▶ Source information:
○ ○ ○ ○ ○

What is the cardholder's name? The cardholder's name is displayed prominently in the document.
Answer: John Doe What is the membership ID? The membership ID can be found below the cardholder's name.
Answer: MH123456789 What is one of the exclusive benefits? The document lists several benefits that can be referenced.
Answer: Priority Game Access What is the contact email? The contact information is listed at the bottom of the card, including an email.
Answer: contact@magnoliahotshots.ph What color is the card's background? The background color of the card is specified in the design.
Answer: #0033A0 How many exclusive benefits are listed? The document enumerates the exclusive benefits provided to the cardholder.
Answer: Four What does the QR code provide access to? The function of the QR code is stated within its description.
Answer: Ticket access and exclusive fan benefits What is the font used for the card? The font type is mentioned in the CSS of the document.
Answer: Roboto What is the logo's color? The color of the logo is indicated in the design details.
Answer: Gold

○ ○ ○ ○ ○

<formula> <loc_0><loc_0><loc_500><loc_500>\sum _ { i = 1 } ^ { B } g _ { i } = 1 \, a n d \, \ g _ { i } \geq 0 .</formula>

○ ○ ○ ○ ○

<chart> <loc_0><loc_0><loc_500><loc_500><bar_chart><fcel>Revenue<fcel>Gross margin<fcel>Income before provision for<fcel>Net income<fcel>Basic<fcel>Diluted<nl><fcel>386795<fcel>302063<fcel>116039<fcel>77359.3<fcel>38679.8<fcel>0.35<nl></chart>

○ ○ ○ ○ ○

▶ What you have to do: The range runs from the line above containing "What is the cardholder's" to the line containing "Answer: Gold", inclusive. Restate those lines word for word and no others.

▶ Response area:
What is the cardholder's name? The cardholder's name is displayed prominently in the document.
Answer: John Doe What is the membership ID? The membership ID can be found below the cardholder's name.
Answer: MH123456789 What is one of the exclusive benefits? The document lists several benefits that can be referenced.
Answer: Priority Game Access What is the contact email? The contact information is listed at the bottom of the card, including an email.
Answer: contact@magnoliahotshots.ph What color is the card's background? The background color of the card is specified in the design.
Answer: #0033A0 How many exclusive benefits are listed? The document enumerates the exclusive benefits provided to the cardholder.
Answer: Four What does the QR code provide access to? The function of the QR code is stated within its description.
Answer: Ticket access and exclusive fan benefits What is the font used for the card? The font type is mentioned in the CSS of the document.
Answer: Roboto What is the logo's color? The color of the logo is indicated in the design details.
Answer: Gold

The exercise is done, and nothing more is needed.